The Shinsei Protected Japan Trust has 15 underlying managers, whereas the ISA Ichibanboshi Fund has 12 managers. The Trust is pretty much the same in portfolio composition. The target return is slightly less as part of the portfolio is always held in cash.
- How has the capital raising been for this product?
It has gone very well. We recently announced that our client, Shinsei Bank, has just closed a second tranche for the Shinsei Protected Japan Trust. We now have approximately $50 million in the product.
- Do you see an increased interest in these products in the future? What is the investor profile for a capital guaranteed alternative product?
If it continues to be successful, we expect to be able to continue raise money for further tranches. Shinsei has marketed this product particularly to their high net worth client base in Japan, but a non-protected version could be sold to other types of investors in the future.

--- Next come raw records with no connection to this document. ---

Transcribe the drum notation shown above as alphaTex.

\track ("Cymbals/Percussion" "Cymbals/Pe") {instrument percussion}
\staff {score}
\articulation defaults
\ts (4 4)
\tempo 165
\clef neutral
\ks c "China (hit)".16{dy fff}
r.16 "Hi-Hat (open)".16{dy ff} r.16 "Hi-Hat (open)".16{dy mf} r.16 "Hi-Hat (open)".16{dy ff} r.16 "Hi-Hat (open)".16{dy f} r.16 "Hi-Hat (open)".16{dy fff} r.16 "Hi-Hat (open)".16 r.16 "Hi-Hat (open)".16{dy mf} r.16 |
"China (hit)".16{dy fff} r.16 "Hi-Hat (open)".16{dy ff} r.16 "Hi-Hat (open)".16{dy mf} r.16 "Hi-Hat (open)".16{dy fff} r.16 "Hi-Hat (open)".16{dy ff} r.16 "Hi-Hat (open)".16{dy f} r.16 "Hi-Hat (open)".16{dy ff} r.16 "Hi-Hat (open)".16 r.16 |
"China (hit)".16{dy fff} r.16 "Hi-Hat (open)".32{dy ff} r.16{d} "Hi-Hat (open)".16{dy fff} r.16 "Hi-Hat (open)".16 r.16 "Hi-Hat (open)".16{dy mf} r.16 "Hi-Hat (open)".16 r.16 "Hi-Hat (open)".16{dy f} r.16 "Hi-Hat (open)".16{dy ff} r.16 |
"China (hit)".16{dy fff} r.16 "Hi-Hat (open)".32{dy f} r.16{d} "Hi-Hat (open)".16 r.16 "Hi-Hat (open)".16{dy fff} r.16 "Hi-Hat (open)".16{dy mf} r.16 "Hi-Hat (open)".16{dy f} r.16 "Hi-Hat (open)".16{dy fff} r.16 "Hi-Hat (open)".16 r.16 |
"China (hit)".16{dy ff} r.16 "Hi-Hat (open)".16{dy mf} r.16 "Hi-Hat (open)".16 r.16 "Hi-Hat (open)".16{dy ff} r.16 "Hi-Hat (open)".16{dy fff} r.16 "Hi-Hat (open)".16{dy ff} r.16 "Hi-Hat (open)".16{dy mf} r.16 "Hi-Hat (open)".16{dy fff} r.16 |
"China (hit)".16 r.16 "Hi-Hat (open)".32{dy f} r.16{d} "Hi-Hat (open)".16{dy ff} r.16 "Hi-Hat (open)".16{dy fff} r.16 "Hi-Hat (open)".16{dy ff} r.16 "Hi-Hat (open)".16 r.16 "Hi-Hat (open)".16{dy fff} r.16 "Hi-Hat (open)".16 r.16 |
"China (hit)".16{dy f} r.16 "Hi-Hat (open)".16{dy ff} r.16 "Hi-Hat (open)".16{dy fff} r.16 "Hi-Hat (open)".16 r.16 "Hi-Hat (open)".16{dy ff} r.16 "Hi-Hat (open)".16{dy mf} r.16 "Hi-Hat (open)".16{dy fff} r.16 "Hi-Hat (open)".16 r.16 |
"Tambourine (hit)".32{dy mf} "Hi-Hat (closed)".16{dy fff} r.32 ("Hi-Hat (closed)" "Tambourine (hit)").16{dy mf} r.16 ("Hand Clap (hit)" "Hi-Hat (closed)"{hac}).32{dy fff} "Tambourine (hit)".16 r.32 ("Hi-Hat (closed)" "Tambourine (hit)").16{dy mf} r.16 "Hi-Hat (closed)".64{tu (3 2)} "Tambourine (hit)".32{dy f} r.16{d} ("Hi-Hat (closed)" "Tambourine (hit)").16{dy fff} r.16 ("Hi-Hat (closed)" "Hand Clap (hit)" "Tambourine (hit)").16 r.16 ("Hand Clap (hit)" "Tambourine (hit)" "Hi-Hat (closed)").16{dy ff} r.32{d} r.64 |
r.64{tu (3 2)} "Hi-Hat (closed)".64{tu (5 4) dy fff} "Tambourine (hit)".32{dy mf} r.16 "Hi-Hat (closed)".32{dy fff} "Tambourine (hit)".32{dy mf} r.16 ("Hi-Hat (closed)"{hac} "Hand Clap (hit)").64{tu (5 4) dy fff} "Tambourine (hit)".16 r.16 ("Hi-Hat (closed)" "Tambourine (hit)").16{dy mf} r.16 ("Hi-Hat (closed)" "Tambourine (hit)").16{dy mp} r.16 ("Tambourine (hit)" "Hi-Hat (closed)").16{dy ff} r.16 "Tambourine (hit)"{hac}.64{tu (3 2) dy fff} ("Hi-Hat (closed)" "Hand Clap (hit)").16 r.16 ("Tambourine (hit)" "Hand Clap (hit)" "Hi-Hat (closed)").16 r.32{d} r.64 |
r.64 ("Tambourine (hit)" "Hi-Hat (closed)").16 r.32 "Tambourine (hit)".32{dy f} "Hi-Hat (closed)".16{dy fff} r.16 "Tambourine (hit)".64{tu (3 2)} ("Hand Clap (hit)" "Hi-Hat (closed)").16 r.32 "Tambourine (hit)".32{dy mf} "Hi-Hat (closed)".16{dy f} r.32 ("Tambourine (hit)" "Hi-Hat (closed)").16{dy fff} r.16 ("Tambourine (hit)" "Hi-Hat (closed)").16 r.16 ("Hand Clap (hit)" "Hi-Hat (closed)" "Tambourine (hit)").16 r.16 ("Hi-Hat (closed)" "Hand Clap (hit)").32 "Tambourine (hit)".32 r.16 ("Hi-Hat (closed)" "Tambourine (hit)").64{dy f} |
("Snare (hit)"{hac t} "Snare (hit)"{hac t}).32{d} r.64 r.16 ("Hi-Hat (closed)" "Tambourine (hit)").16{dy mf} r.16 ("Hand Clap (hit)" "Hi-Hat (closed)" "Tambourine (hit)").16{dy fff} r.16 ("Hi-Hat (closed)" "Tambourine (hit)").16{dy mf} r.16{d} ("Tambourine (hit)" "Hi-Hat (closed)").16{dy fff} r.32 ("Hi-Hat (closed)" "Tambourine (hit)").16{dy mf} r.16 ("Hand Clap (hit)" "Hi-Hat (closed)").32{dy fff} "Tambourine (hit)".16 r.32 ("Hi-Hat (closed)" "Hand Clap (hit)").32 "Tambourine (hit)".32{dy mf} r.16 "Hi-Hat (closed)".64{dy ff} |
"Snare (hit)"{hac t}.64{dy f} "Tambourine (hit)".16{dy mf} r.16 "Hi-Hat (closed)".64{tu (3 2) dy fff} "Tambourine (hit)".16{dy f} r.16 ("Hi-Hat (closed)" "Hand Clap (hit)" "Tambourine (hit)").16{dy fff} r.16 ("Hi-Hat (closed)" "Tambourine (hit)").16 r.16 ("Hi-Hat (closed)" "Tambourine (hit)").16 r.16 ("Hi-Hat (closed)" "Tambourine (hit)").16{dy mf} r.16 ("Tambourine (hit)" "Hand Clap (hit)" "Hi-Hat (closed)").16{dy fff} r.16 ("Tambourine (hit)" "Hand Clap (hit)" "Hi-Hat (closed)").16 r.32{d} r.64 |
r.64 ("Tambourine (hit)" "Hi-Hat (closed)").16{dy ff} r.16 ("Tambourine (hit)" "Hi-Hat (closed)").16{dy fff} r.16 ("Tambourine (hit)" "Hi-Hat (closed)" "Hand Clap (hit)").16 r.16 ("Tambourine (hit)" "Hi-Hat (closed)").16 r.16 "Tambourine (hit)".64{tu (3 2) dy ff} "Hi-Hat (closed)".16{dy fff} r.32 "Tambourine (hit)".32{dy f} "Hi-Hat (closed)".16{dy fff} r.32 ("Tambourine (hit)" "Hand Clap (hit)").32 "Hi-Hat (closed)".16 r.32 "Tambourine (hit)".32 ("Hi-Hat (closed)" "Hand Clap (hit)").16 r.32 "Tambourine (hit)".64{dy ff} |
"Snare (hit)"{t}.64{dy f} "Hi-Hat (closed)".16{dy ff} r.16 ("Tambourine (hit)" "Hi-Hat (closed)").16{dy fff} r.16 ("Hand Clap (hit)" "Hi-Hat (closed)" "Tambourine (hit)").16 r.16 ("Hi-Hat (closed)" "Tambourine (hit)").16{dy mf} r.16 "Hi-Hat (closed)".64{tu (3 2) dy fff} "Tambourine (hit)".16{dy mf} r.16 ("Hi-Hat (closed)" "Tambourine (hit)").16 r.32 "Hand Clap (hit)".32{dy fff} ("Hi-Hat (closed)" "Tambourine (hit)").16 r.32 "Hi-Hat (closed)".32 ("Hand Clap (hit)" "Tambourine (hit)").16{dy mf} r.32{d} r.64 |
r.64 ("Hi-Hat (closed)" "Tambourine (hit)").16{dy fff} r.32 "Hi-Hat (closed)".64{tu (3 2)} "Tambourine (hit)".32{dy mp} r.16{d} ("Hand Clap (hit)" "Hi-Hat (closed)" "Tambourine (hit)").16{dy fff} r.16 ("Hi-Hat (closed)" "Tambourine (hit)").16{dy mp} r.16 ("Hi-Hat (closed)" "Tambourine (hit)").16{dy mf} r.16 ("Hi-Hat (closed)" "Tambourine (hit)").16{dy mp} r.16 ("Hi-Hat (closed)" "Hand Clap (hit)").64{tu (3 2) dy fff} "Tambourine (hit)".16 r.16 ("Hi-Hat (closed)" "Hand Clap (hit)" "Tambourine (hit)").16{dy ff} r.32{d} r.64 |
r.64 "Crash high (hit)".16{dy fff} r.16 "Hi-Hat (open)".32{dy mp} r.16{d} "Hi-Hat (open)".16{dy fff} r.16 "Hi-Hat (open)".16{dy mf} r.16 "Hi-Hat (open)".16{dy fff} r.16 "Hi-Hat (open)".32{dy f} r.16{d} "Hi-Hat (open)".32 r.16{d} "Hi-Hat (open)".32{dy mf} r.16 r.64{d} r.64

- How do you see the expansion of hedge funds in Japan as compared with the rest of Asia in 2003?
Japan is a homogeneous market: one currency, one monetary policy, one economy. It is still the second largest economy in the world albeit the stockmarket is in a 14 year long bear market and there are some liquidity constraints. However it is still a comparatively inefficient market and hedge funds tend to thrive in inefficient market environments so I expect the number of funds to continue to increase and for good funds to perform well regardless of market direction. Asia is slightly different it is a heterogeneous market which by nature is more difficult to hedge effectively and is therefore more opportunistic. I think it does require some sort of turnaround in market sentiment and performance in order to be able attract significant new investment and funds. We have had interest in our First Light Fund which is an Asian Fund of Funds product and by virtue of the nature of the Asian markets as I mentioned is somewhat more market directional than our other products albeit still a hedged product.
- How do you see the appetite from global investors in Japan only funds?
Global Investors are generally underweight Japan and Asia which is not surprising when you realise the average Japanese mutual fund has returned minus 29% in the last 12 months. However even the most cynical foreign investor knows that the Japanese Authorities cannot allow the present situation to prevail much longer without instability and will therefore be forced to implement some sort of change to protect the market. For the investor the question is then how to preserve ones capital during these intense bear markets but still remain exposed to the opportunity to purchase the "crown jewels" of the Japanese economy at once in a lifetime opportunity prices. Over the past 13 months we have been able to demonstrate a modest positive return with extremely low volatility while the general market represented by the Topix and Nikkei 225 have fallen 23% and 28% respectively. Multi strategy hedge funds are a new concept in Japan but many global investors are following what we are doing domestically in Japan and watching how we do. I am confident that if we can continue to do what we are doing and demonstrate that we can make money in less ferocious market conditions we will attract considerable interest from global investors. Another factor which should not be ignored by global investors is that a number of prominent Japanese companies have begun share buyback programmes at a time when research by foreign investment banks is on the decline. This domestic recognition of "value" is a fundamental and significant change.